20 of 365 comments (clear)

  1. Fine! by DaMattster · · Score: 5, Interesting

    Let them move jobs overseas. In retaliation, we the people should demand that the government ditch all Microsoft products and go open source!

    1. Re:Fine! by Connie_Lingus · · Score: 5, Insightful

      its a problem with ANY group or individual that want to decide what's "best for you."

      what's best for you never seems to be very good for them.

      --
      never bring a twinkie to a food fight.
    2. Re:Fine! by king+neckbeard · · Score: 5, Insightful

      Robber barons usually do try to leave a legacy that doesn't make them look like horrific monsters, but that doesn't change the fact that they are robber barons.

      --
      This is my signature. There are many like it, but this one is mine.
    3. Re:Fine! by ArhcAngel · · Score: 4, Informative

      I'm pretty sure he thinks he's doing a pretty good job. What with the fight to end malaria, the public library funding, and helping to put a pc in every home.

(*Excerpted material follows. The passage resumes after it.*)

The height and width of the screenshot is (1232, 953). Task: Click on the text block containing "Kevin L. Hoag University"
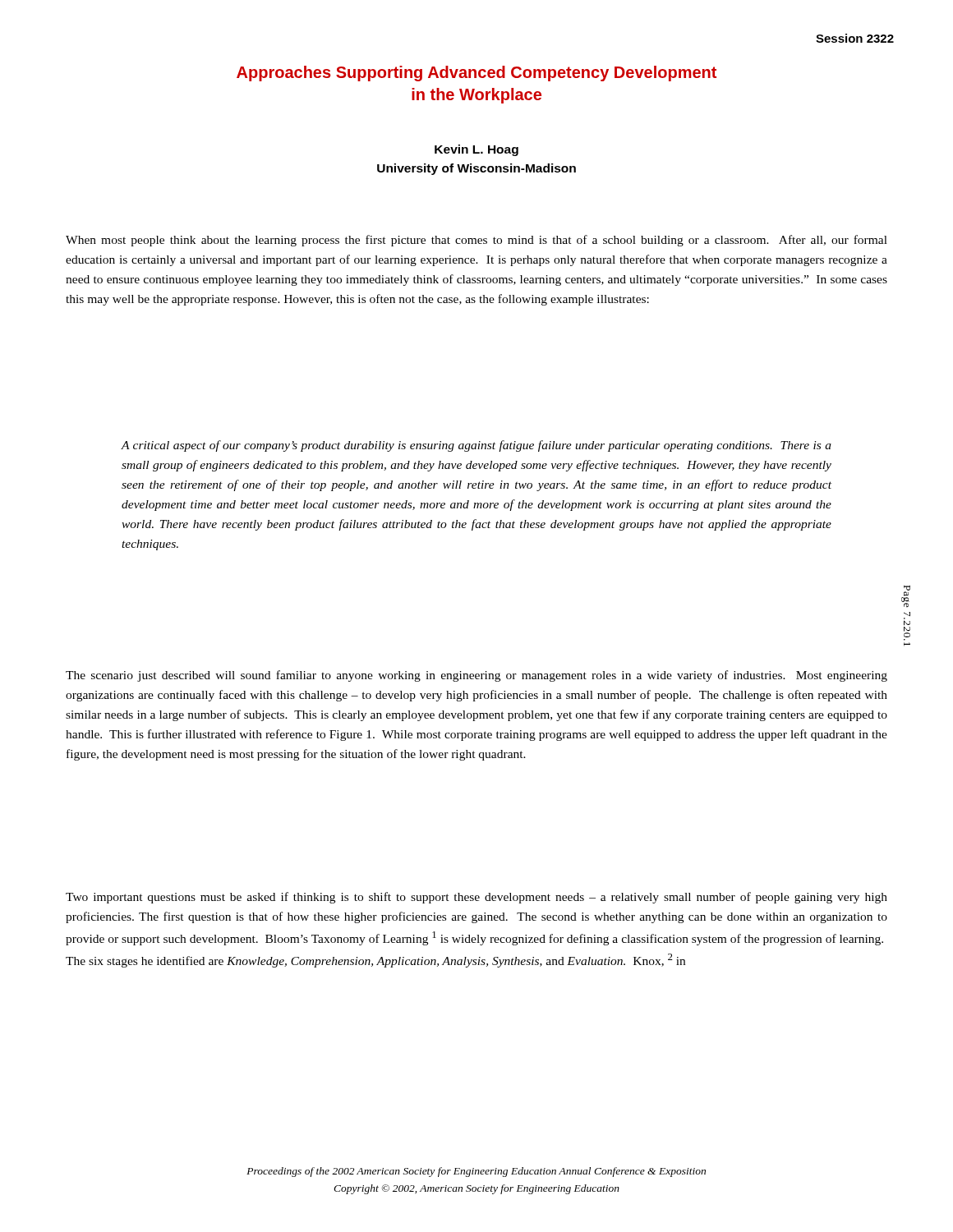476,159
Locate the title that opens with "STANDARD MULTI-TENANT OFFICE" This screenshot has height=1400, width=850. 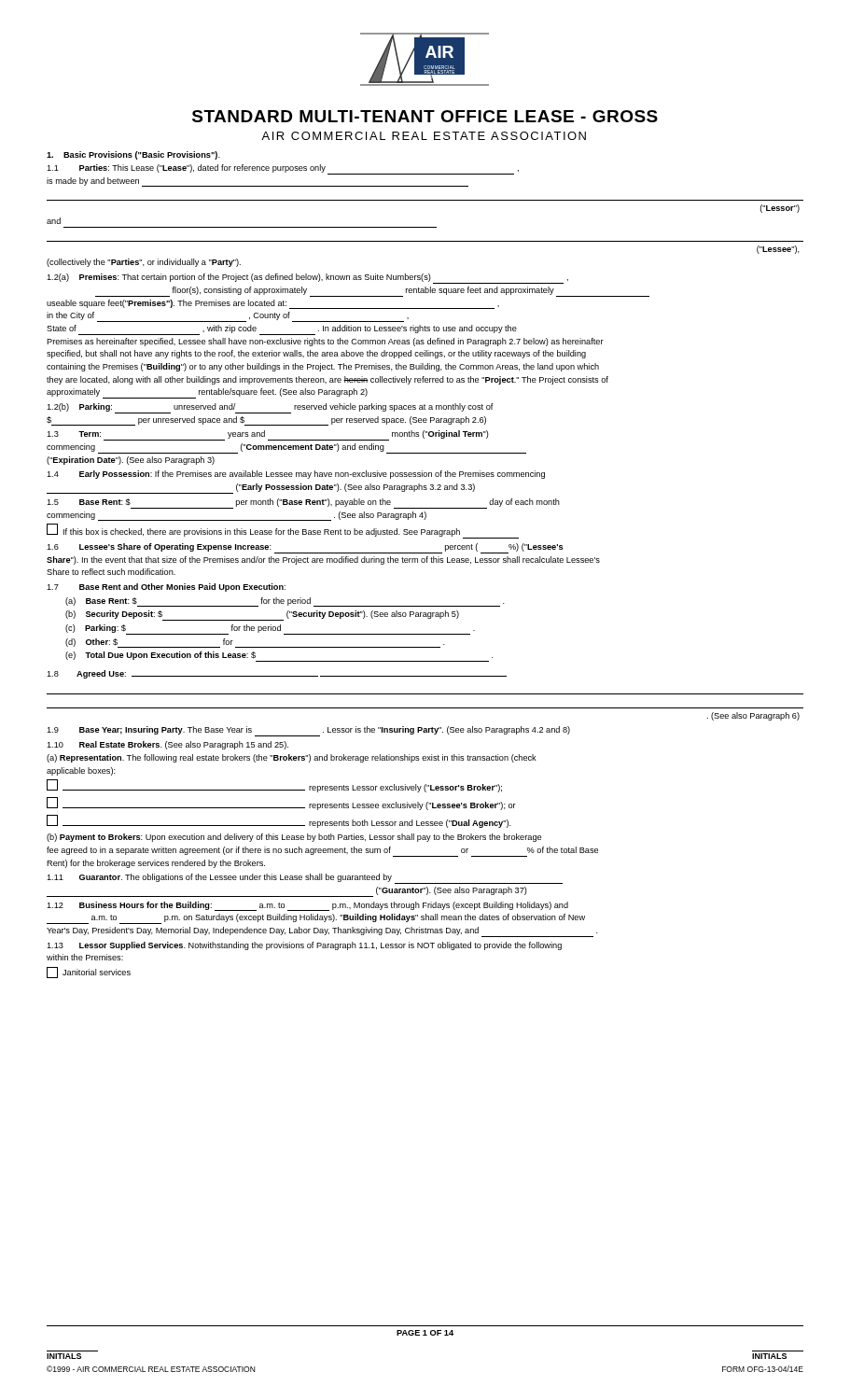pyautogui.click(x=425, y=116)

      Many robber barons have succumb to their conscience late in life and begin to try to make recompense. Others just do it for good PR to keep "the masses" from rioting at the Gate's. If Gates had truly been interested in serving humanity he would have been doing it (probably at a smaller scale) his entire life. John D. Rockefeller gave over half of his fortune away in his later years but was known to be quite ruthless and ethically challenged.

      I liken it to burning down a city, killing the mayor and making yourself the new ruler and then offering to rebuild the city at a reduced rate but you still get to be the ruler.

      --
      "A person is smart. People are dumb, panicky dangerous animals and you know it." - K
    4. Re:Fine! by Luckyo · · Score: 4, Interesting

      Better idea. For every piece of work they shift, their taxes go up to support communities they dump. As in, they are forced to shoulder the real costs of outsourcing, rather than "outsourcing" the cost to the tax payers.

      But in today's system, where corporations are people with human rights and capital has more rights than most people, that's not going to happen.

    5. Re:Fine! by CaptSlaq · · Score: 5, Insightful

      Implying that "doing good" and "making money" are mutually exclusive... I believe this to be a false assumption.

    6. Re:Fine! by BonThomme · · Score: 4, Insightful

      oh bullshit.

      -bullshit, if your school doesn't have differentiated curriculum, it sucks, not common core
      -bullshit, exploring how math concepts evolved is not that same as "going back to"; "showing your work" has been a part of education forever
      -bullshit, the only people introducing politics are ones like you (who tend to introduce politics or religion into anything they don't like or understand)
      -epic bullshit, doesn't merit a response
      -bullshit, the Texas school board does this

      I lived through New Math decades ago enduring binary, octal, and hexadecimal in 3rd grade, so I have every right to be skeptical of CC. I find it a vast improvement over what was there, but I recognize the consternation of parents who suddenly realize their snowflakes aren't quite so precious.

    7. Re:Fine! by Anon-Admin · · Score: 4, Interesting

      That is not exactly right.

      He gives $X of his personal income to his non-profit charity. He can now write off the $X from his personal taxes and still keep the money in something he controls.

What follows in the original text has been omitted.